Русские на Мариенплац - стр. 33
Она нервно растерла окурок в пепельнице:
– Боже меня сохрани! Ничего особенного. Просто мне сдается, что все эти ваши блям-блям на гитаре и песни на улицах уже пора кончать. Вы – человек взрослый, и о дальнейшей жизни нужно очень серьезно подумать.
– Конечно, конечно! – снова согласилась я. – Ближайшее время я только об этом и буду думать…
Ночью, когда Лилечка спала глубоким пьяным сном в большой комнате – то всхрапывая басом, то подвывая тоненько и визгливо, мы с папой, с моим папой, полуодетые, обнявшись сидели на кухне и ревели в три ручья.
– Прости меня, Катюшечка… Прости меня, солнышко… Деточка, прости меня!.. – захлебывался в рыданиях папа.

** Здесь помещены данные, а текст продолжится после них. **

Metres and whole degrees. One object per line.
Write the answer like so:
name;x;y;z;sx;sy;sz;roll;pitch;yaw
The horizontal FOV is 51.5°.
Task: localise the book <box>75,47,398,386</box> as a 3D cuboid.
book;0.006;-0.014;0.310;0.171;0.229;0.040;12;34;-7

– Что ты, папочка… Дорогой мой, любименький!.. Ну, что ты?! – шептала я ему сквозь слезы и целовала его руки. – Успокойся, миленький! Это я, я во всем виновата, сучка я этакая!.. Не надо было мне уезжать! Не надо…
– Она хорошая… Только выпивает немножко. Вы еще обязательно подружитесь! А то ведь я все один и один. А вокруг все чужое. Все чужое… Пойми меня, умоляю тебя, Катюня!..

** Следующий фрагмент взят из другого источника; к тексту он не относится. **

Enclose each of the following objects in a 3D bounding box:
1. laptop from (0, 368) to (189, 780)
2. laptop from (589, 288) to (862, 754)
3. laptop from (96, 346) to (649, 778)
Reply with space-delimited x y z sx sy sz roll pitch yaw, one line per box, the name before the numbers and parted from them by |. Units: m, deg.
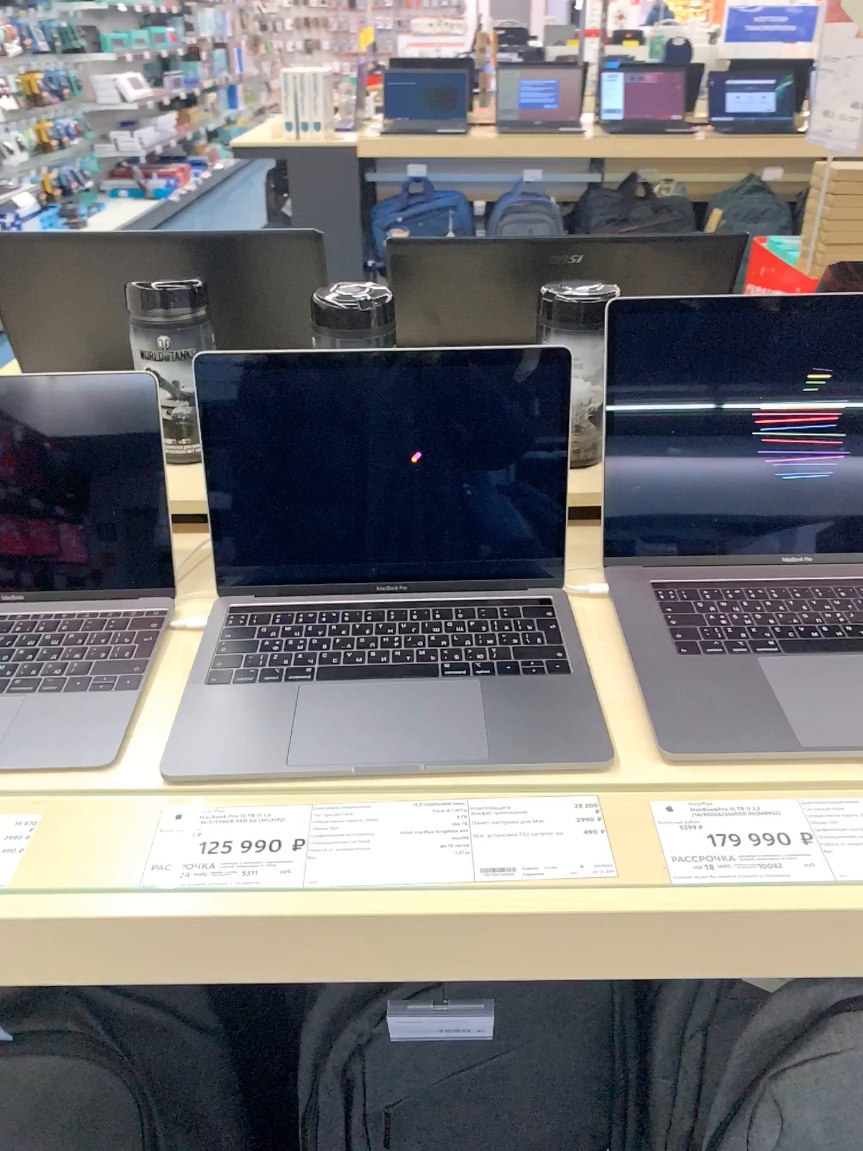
laptop | -0.359 -0.018 0.653 0.280 0.172 0.267 -2 33 -1
laptop | 0.326 -0.063 0.667 0.346 0.210 0.329 -1 32 1
laptop | -0.035 -0.025 0.639 0.299 0.195 0.261 -1 32 -2

– Конечно, конечно, папулечка… Успокойся.
Трясущимися руками я накапала в рюмку корвалол, разбавила водой и дала ему выпить. Он залпом опрокинул рюмку, уронил голову на кухонный стол и снова безутешно зарыдал, приговаривая:
– Господи, Боже милостивый! Что же я делаю?! Что же я делаю, Катенька?..
А я целовала его лысеющую макушку, гладила его мокрое от слез лицо, и шептала ему:
– Ничего, все образуется… Все будет хорошо…
Для себя я решила все. Решила твердо и бесповоротно.
Я съездила в «Сороку», нашу беэр-шевскую больницу, – к Захару. Посидела у него часа полтора, помогла санитаркам перестелить под ним изгаженные простыни, сама перевернула его на живот и протерла ему спину и задницу какой-то пахучей жидкостью, чтобы не было пролежней. Все пыталась понять, что он хочет мне сказать. Но так и не поняла, как ни всматривалась в его глаза, оставшиеся живыми в этом большом и уже мертвом теле.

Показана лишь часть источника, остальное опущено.